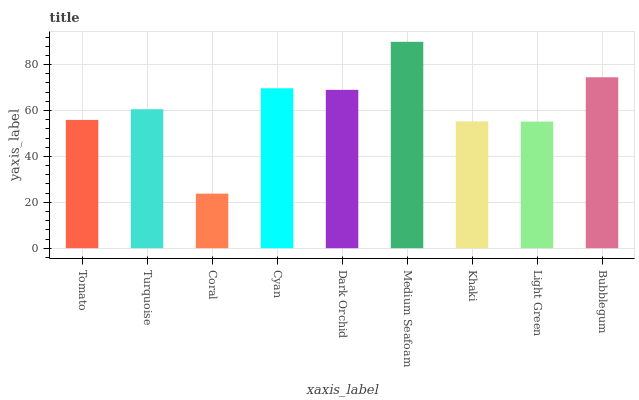Is Coral the minimum?
Answer yes or no. Yes. Is Medium Seafoam the maximum?
Answer yes or no. Yes. Is Turquoise the minimum?
Answer yes or no. No. Is Turquoise the maximum?
Answer yes or no. No. Is Turquoise greater than Tomato?
Answer yes or no. Yes. Is Tomato less than Turquoise?
Answer yes or no. Yes. Is Tomato greater than Turquoise?
Answer yes or no. No. Is Turquoise less than Tomato?
Answer yes or no. No. Is Turquoise the high median?
Answer yes or no. Yes. Is Turquoise the low median?
Answer yes or no. Yes. Is Bubblegum the high median?
Answer yes or no. No. Is Bubblegum the low median?
Answer yes or no. No. 
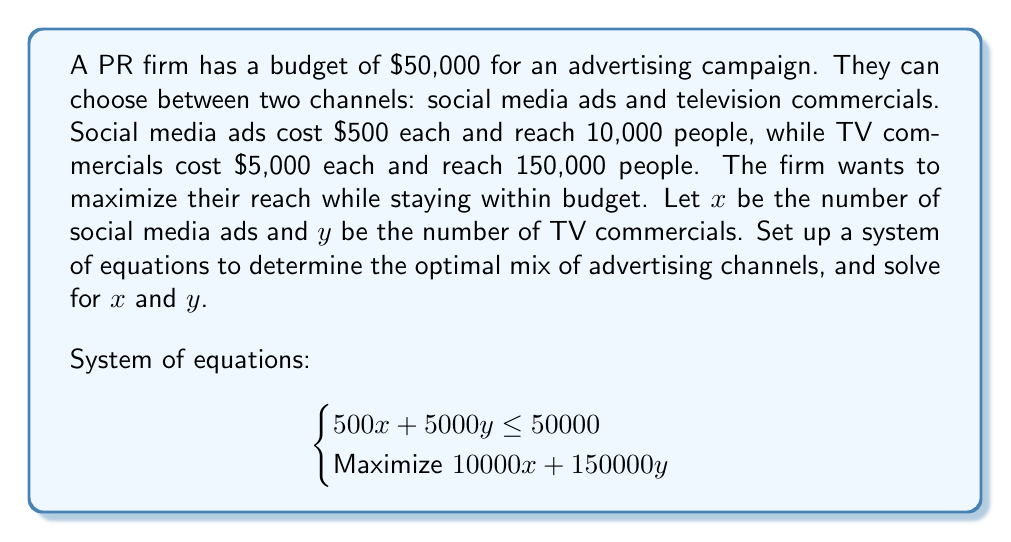Can you solve this math problem? To solve this problem, we'll follow these steps:

1) First, we need to understand the constraints:
   - Budget constraint: $500x + 5000y \leq 50000$
   - Non-negative constraint: $x \geq 0$ and $y \geq 0$

2) The objective is to maximize the reach: $10000x + 150000y$

3) To find the optimal solution, we need to consider the extreme points of the feasible region:

   a) $(x,y) = (0,10)$: All budget on TV commercials
      Reach = $10 \times 150000 = 1,500,000$

   b) $(x,y) = (100,0)$: All budget on social media ads
      Reach = $100 \times 10000 = 1,000,000$

   c) The point where both channels are used, satisfying:
      $500x + 5000y = 50000$

4) To find point c, we can solve:
   $500x + 5000y = 50000$
   $x + 10y = 100$

5) We can express $x$ in terms of $y$:
   $x = 100 - 10y$

6) Substituting this into the reach function:
   Reach $= 10000(100-10y) + 150000y$
   $= 1000000 - 100000y + 150000y$
   $= 1000000 + 50000y$

7) This is a linear function in $y$, which increases as $y$ increases. Therefore, the maximum reach will occur at the highest feasible value of $y$.

8) The highest feasible value of $y$ is 10, which corresponds to $x = 0$.

Therefore, the optimal solution is to use all the budget on TV commercials: $x = 0$, $y = 10$.
Answer: The optimal mix is 0 social media ads and 10 TV commercials, resulting in a maximum reach of 1,500,000 people. 
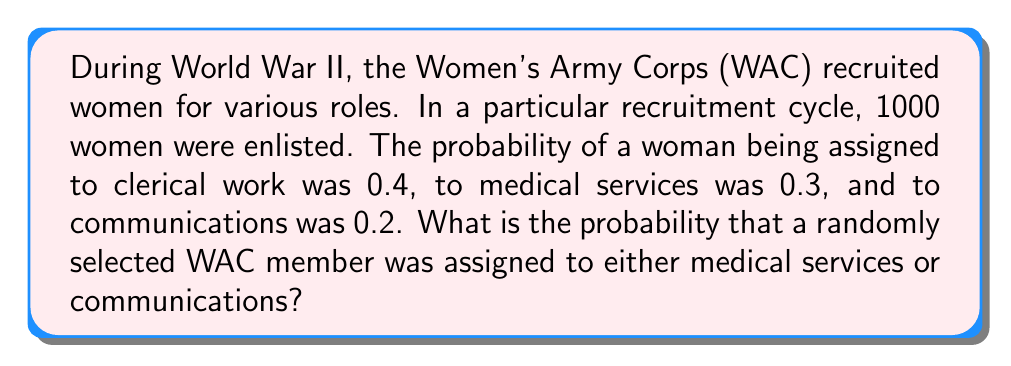Show me your answer to this math problem. Let's approach this step-by-step:

1) First, we need to identify the events:
   A: Assigned to medical services
   B: Assigned to communications

2) We're given the following probabilities:
   $P(A) = 0.3$
   $P(B) = 0.2$

3) We need to find $P(A \text{ or } B)$, which is the same as $P(A \cup B)$

4) The addition rule of probability states:
   $P(A \cup B) = P(A) + P(B) - P(A \cap B)$

5) However, in this case, the events are mutually exclusive (a woman can't be assigned to both medical services and communications simultaneously), so $P(A \cap B) = 0$

6) Therefore, we can simply add the probabilities:
   $P(A \text{ or } B) = P(A) + P(B)$

7) Substituting the values:
   $P(A \text{ or } B) = 0.3 + 0.2 = 0.5$

Thus, the probability that a randomly selected WAC member was assigned to either medical services or communications is 0.5 or 50%.
Answer: $0.5$ or $50\%$ 
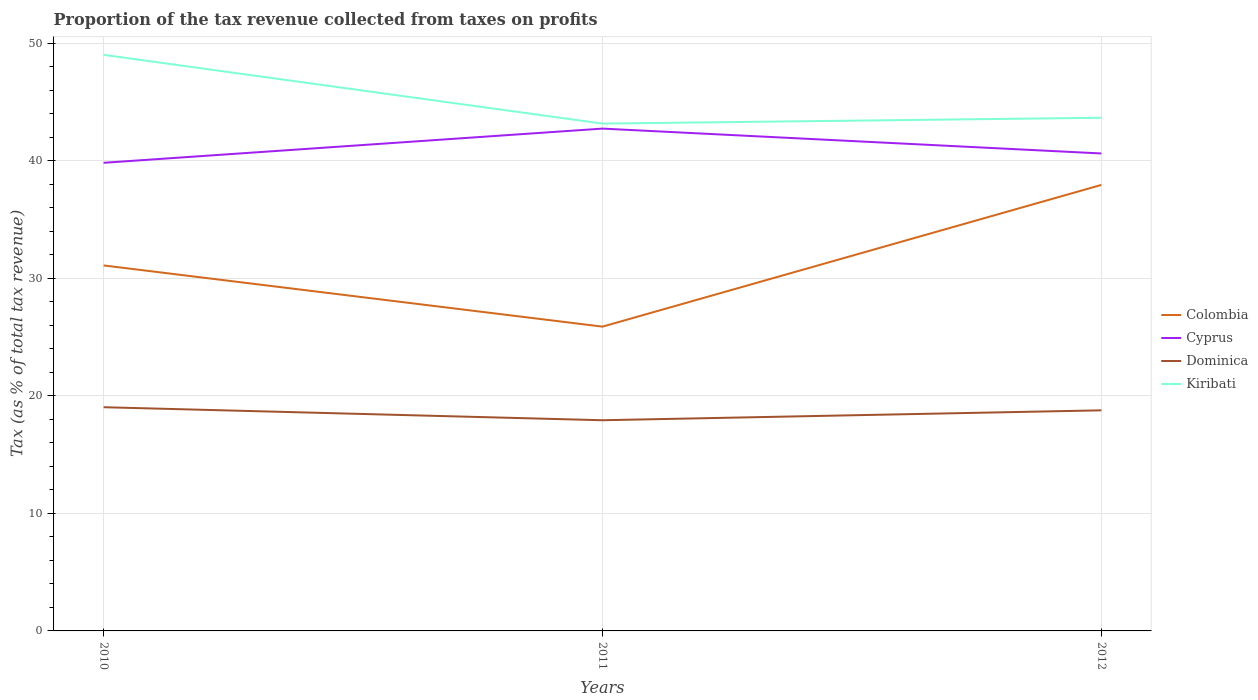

┄┄┄┄┄┄

> Activity: In the entries above, find the line containing "Answer yes or no. Yes. Is Tomato less" and the line containing "- Non-negative constraint: $x", then copy both and every line between them exactly, without any picture.

> Answer box:
Answer yes or no. Yes. Is Tomato less than Turquoise?
Answer yes or no. Yes. Is Tomato greater than Turquoise?
Answer yes or no. No. Is Turquoise less than Tomato?
Answer yes or no. No. Is Turquoise the high median?
Answer yes or no. Yes. Is Turquoise the low median?
Answer yes or no. Yes. Is Bubblegum the high median?
Answer yes or no. No. Is Bubblegum the low median?
Answer yes or no. No. 
Can you solve this math problem? To solve this problem, we'll follow these steps:

1) First, we need to understand the constraints:
   - Budget constraint: $500x + 5000y \leq 50000$
   - Non-negative constraint: $x \geq 0$ and $y \geq 0$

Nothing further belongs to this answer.